Uses and Traditions –
Tilia tomentosa is a plant that, thanks to its resistance to pollution and drought and frost, is very popular in road trees and city parks. Wood is suitable for carving, inlay, sculpture, parts of musical instruments and for the realization of various objects. Furthermore, attracting bees a lot, it could cause problems in areas frequented by children. It also drops very large buds and pollen, so the areas under its foliage should be cleaned pretty often in the spring. Among the varieties of silver lime tree are reported:
– Tilia tomentosa “Brabant” with conical crown and very resistant trunk. Very used in road contexts and citizens;
– Tilia tomentosa “Sashazam” (or “Satin Shadow ™”). Symmetrical and uniform growth plant, suitable for urban contexts. The crown is pyramidal and reaches 15 m in height and 12 in width. Very resistant to diseases and pests;
– Tilia tomentosa “Sterling Silver” (also called “Sterling”). Very large plant, it reaches 27-28 m in height, with dense foliage and upward branches. The lower page of the leaves remains of the same initial silver tone without diminishing. Very resistant to pollution and pests. Silver Lime is a popular medicinal plant: from the buds Tilia Tomentosa is obtained, one of the most effective natural remedies against anxiety; It is also ideal because it acts positively on the mood, fights insomnia, relieves irritable bowel symptoms.In addition, the hydroglycerohydric macerate of tilia tomentosa buds has properties: sedative, antispasmodic, hypnoinducent. Tilia tomentosa gemmoderivato is particularly useful for people who tend to somatize anxiety and worries, which may be due to: cardiac erethism, arterial hypertension, irritable bowel, excessive stress, insomnia. The antispasmodic and sedative properties of Tilia tomentosa are attributed to the presence of farnesol, a terpene that has neurosedative properties. This component acts at the serotonin level and is thus able to improve the mood and perform natural anti-anxiety activity, without side effects. The glycerine macerate of Tilia tomentosa, according to some studies, also performs a purifying activity: it would be useful in restoring the balance of cholesterol and uric acid.

Preparation Mode –
The drops of the Silver Linden extract can be taken 2-3 times a day, with different concentrations, both for adults and for children; for adults on average 40 drops 2/3 times a day, while for children, 10-20 drops 2 times a day. The drops should be taken preferably away from meals, dissolved in a glass of water or in a natural fruit juice.
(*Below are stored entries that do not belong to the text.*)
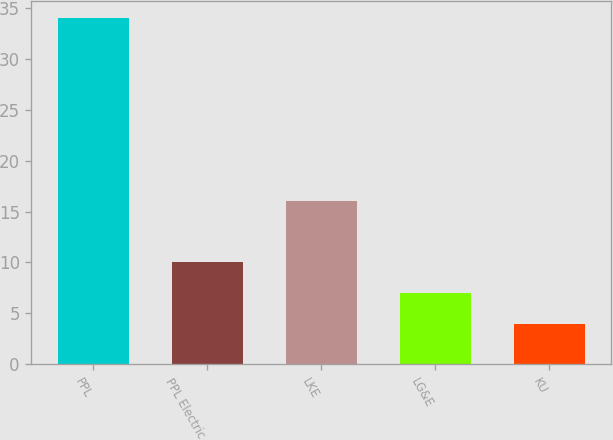<chart> <loc_0><loc_0><loc_500><loc_500><bar_chart><fcel>PPL<fcel>PPL Electric<fcel>LKE<fcel>LG&E<fcel>KU<nl><fcel>34<fcel>10<fcel>16<fcel>7<fcel>4<nl></chart> 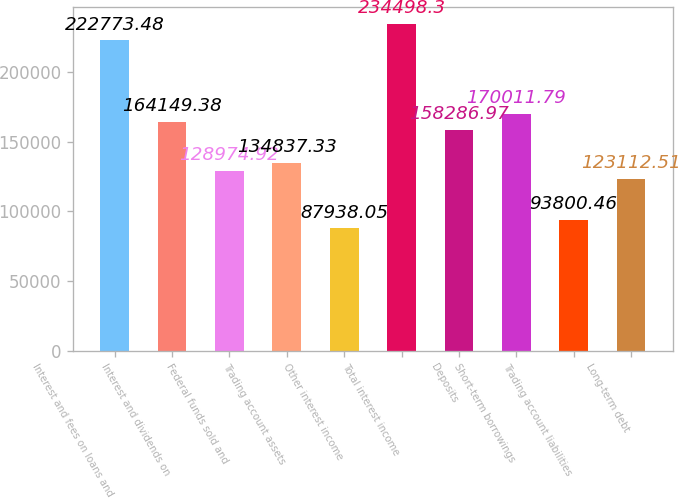<chart> <loc_0><loc_0><loc_500><loc_500><bar_chart><fcel>Interest and fees on loans and<fcel>Interest and dividends on<fcel>Federal funds sold and<fcel>Trading account assets<fcel>Other interest income<fcel>Total interest income<fcel>Deposits<fcel>Short-term borrowings<fcel>Trading account liabilities<fcel>Long-term debt<nl><fcel>222773<fcel>164149<fcel>128975<fcel>134837<fcel>87938.1<fcel>234498<fcel>158287<fcel>170012<fcel>93800.5<fcel>123113<nl></chart> 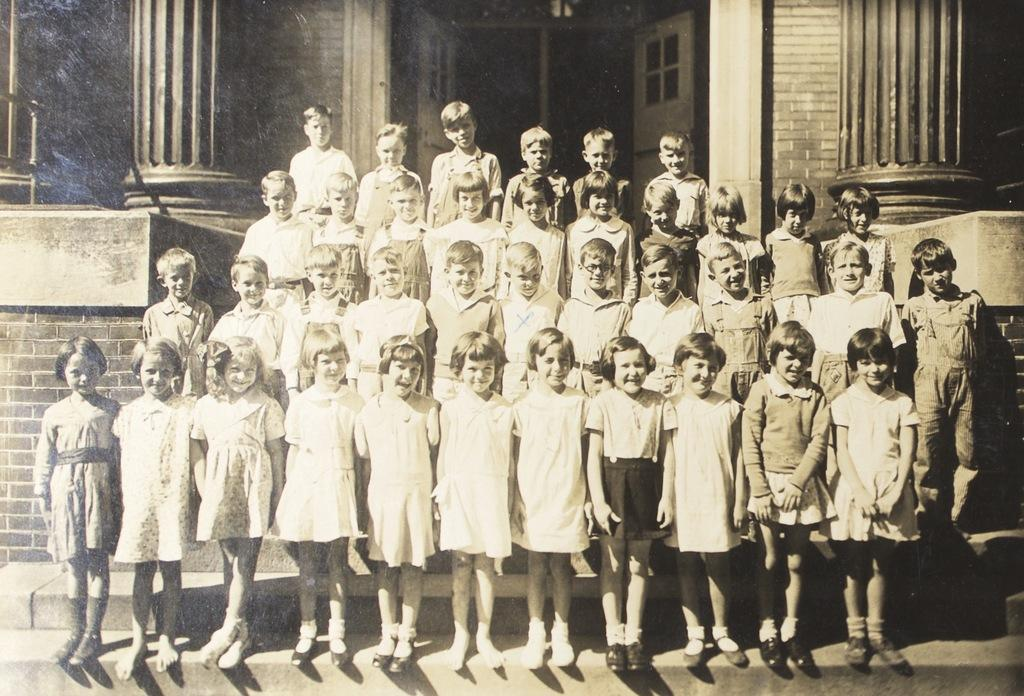What is the color scheme of the image? The image is black and white. Who or what can be seen in the image? There are children in the image. Where are the children located in the image? The children are standing on the steps of a building. What type of science experiment can be seen taking place at the seashore in the image? There is no seashore or science experiment present in the image; it features children standing on the steps of a building.

Regarding the contraindications, there are no specific contraindications regarding the use of Tilia tomentosa.

Guido Bissanti

Sources
– Acta Plantarum – Flora of the Italian Regions.- Wikipedia, the free encyclopedia.- Treben M., 2000. Health from the Pharmacy of the Lord, Advice and experience with medicinal herbs, Ennsthaler Editore- Pignatti S., 1982. Flora d ‘Italia, Edagricole, Bologna.- Conti F., Abbate G., Alessandrini A., Blasi C. (edited by), 2005. An annotated checklist of the Italian vascular flora, Palombi Editore.

Warning: Pharmaceutical applications and alimurgical uses are indicated for informational purposes only and do not in any way represent a medical prescription; there is therefore no liability for their use for curative, aesthetic or food purposes.